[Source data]
»»

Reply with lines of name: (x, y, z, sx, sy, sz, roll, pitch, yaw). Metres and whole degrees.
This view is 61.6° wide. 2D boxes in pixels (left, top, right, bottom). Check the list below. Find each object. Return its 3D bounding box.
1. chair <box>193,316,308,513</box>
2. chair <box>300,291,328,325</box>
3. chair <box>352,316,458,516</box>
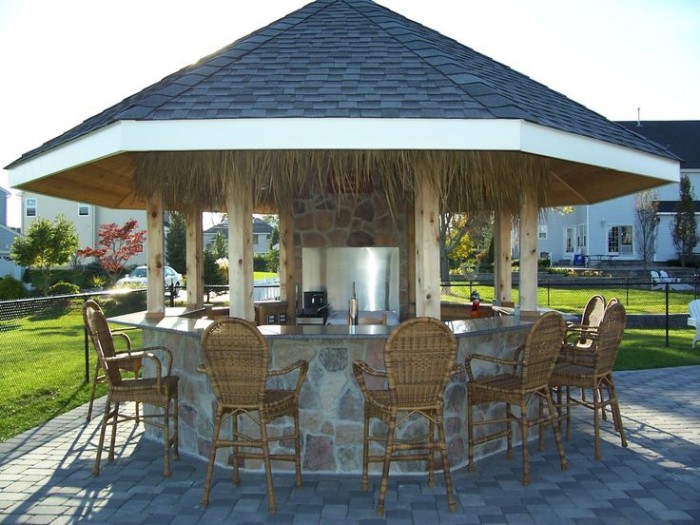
chair: (-1.066, 1.533, 6.405, 1.135, 1.993, 0.979, -2, 6, -14)
chair: (-0.627, 0.848, 10.109, 0.532, 0.748, 0.691, 1, 2, -19)
chair: (0.590, 1.526, 6.418, 1.118, 2.025, 0.994, 0, 6, 0)
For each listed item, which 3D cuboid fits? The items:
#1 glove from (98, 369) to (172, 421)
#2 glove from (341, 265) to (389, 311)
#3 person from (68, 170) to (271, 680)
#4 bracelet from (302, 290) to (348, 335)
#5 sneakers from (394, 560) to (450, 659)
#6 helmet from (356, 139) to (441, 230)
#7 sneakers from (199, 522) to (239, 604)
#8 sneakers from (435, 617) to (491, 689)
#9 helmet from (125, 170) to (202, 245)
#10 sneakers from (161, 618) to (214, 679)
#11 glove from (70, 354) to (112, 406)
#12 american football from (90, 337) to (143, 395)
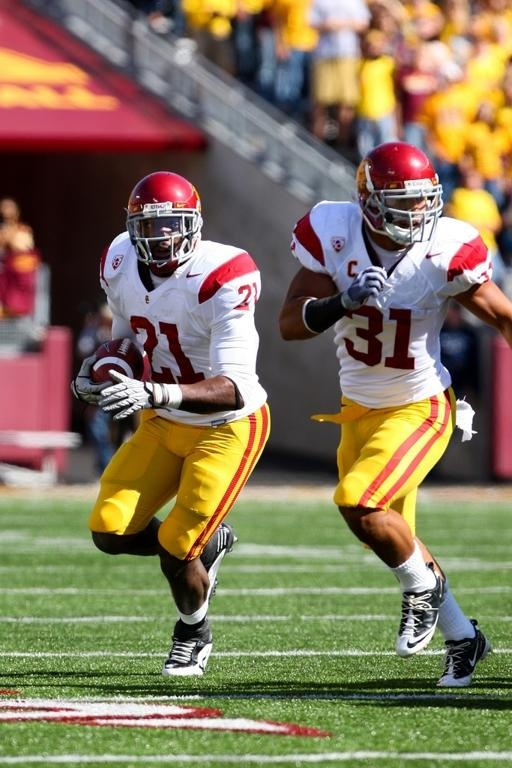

««

▶ [Required action]:
Go down the entries above from the line containing "3. chair <box>352,316,458,516</box>" to the line containing "#5 sneakers from (394, 560) to (450, 659)" and write out each line exactly, leaving pictures out.

▶ [Answer space]:
3. chair <box>352,316,458,516</box>
chair: (-1.066, 1.533, 6.405, 1.135, 1.993, 0.979, -2, 6, -14)
chair: (-0.627, 0.848, 10.109, 0.532, 0.748, 0.691, 1, 2, -19)
chair: (0.590, 1.526, 6.418, 1.118, 2.025, 0.994, 0, 6, 0)
For each listed item, which 3D cuboid fits? The items:
#1 glove from (98, 369) to (172, 421)
#2 glove from (341, 265) to (389, 311)
#3 person from (68, 170) to (271, 680)
#4 bracelet from (302, 290) to (348, 335)
#5 sneakers from (394, 560) to (450, 659)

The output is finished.